In Frankia, the nitrogenase is localized in specialized structures called vesicles (Meesters et al., 1987 ). The vesicles differentiate mainly under nitrogen-limiting conditions. Each vesicle is surrounded by an external multilamellate lipid envelope which presumably functions as an oxygen diffusion barrier (Lamont et al., 1988
; Harriott et al., 1991
). Structural studies have shown that in cultured Frankia, the thickness of vesicle envelopes and the number of lipid layers increased in response to an increased oxygen concentration (Parsons et al., 1987
).
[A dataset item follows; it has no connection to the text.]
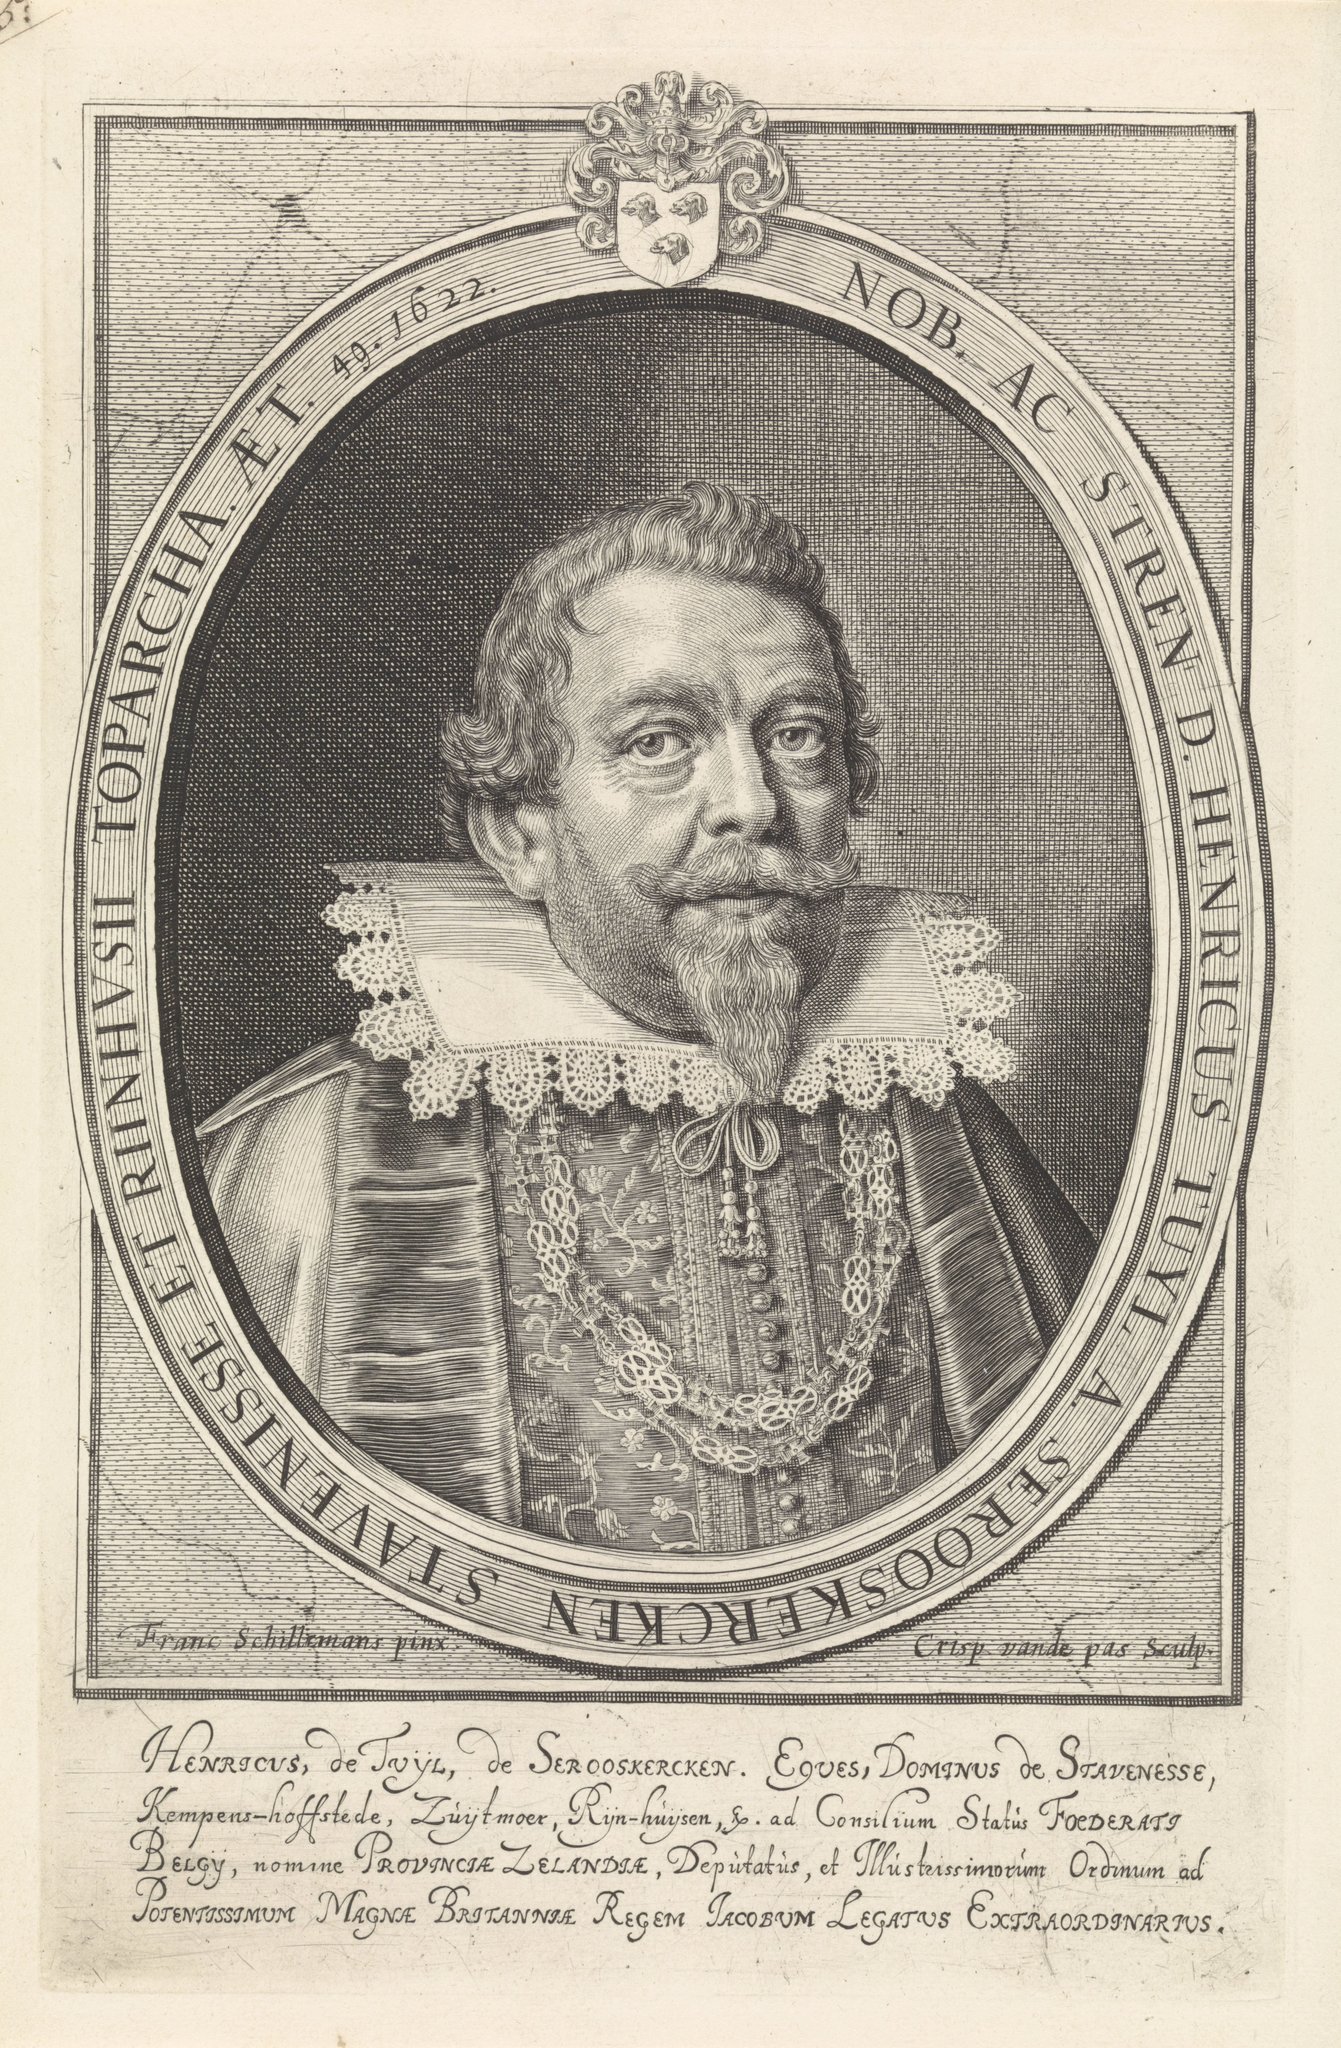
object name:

Four hopanoids, two bacteriohopanetetrol isomers, (Ia) and (Ib), and two bacteriohopanetetrol phenylacetyl monoesters, (IIa) and (IIb), represented 84% of the dry weight of purified vesicle envelope preparations (Berry et al., 1993
), and 80% of the total lipids of vesicle clusters (Kleemann et al., 1994
). Thus the bacteriohopanetetrols (Ia) and (Ib) together with their phenylacetic acid esters (IIa) and (IIb) were proposed to form the major physical barrier to protect nitrogenase against oxygen (Berry et al., 1993
). It is not yet known whether these lipids might play an additional role in other stages of the Frankia life cycle. In Frankia strains HFPArI3 (Berry & Torrey, 1979
) and HFPCcI3 (Zhang & Torrey, 1985
), the two bacteriohopanetetrols represented a large fraction (2050%) of total lipids under nitrogen-replete conditions (Berry et al., 1991
), but a comparison of hopanoids in different genomic species of Frankia, in cells grown under nitrogen-replete versus nitrogen-depleted conditions, has not yet been carried out.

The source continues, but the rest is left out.